Op 17 mei 2023 heeft de wrakingskamer van de Rechtbank Zeeland-West-Brabant uitspraak gedaan in een wrakingsverzoek van verzoekster. Het verzoek was ingediend op 26 april 2023 en betrof de rechter mr. Thielen, die volgens verzoekster niet bereid was zich te legitimeren tijdens de zitting. Verzoekster stelde dat deze weigering duidde op partijdigheid en dat zij niet in de gelegenheid was gesteld om verweer te voeren tegen de vordering die tegen haar was ingesteld. De wrakingskamer heeft echter vastgesteld dat verzoekster wel degelijk de mogelijkheid had om verweer te voeren, maar dat zij deze gelegenheid niet heeft benut.
De wrakingskamer heeft verder overwogen dat een rechter uit hoofde van zijn aanstelling wordt vermoed onpartijdig te zijn, tenzij er uitzonderlijke omstandigheden zijn die een zwaarwegende aanwijzing opleveren voor vooringenomenheid.

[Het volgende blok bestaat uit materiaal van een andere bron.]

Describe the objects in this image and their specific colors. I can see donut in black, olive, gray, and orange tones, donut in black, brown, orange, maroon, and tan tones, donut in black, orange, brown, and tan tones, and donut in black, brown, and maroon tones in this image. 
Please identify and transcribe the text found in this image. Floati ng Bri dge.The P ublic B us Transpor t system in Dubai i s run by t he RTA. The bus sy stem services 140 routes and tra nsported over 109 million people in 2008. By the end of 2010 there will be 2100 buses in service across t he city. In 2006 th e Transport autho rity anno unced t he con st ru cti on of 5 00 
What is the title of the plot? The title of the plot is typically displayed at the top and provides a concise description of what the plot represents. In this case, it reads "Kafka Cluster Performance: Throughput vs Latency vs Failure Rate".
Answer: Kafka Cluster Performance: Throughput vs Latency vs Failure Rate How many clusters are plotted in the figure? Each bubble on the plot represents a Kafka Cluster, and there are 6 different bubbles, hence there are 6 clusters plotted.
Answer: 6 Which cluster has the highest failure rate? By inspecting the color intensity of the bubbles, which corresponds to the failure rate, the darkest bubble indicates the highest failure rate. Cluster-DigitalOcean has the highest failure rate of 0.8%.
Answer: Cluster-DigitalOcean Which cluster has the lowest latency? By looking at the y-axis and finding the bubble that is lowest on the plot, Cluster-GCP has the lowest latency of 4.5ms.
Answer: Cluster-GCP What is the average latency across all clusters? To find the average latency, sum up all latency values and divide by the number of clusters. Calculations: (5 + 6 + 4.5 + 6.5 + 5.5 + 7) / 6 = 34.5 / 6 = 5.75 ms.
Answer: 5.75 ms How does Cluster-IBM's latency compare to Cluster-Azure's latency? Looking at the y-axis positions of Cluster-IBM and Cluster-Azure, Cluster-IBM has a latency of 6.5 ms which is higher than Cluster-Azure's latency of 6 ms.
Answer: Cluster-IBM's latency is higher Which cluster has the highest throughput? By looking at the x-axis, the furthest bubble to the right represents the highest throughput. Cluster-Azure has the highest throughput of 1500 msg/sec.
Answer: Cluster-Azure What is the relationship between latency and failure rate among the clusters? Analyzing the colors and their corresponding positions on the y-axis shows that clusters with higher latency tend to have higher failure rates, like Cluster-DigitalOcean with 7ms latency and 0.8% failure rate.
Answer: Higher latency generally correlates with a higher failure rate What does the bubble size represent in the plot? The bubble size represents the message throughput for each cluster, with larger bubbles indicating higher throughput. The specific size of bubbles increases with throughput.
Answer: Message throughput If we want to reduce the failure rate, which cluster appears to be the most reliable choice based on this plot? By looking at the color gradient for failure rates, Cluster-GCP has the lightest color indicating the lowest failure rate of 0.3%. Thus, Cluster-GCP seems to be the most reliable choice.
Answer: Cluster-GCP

In dit geval was er geen sprake van dergelijke omstandigheden. De wrakingskamer oordeelde dat de weigering van de rechter om zich te legitimeren niet op (de schijn van) partijdigheid duidt.
Daarom heeft de wrakingskamer het verzoek tot wraking kennelijk ongegrond verklaard en bepaald dat de hoofdzaak met zaaknummer 10411444 CV EXPL 23-837 zal worden voortgezet in de stand waarin deze zich bevond ten tijde van de schorsing door indiening van het wrakingsverzoek. De uitspraak is openbaar gemaakt via geanonimiseerde publicatie op de website van de Rechtspraak.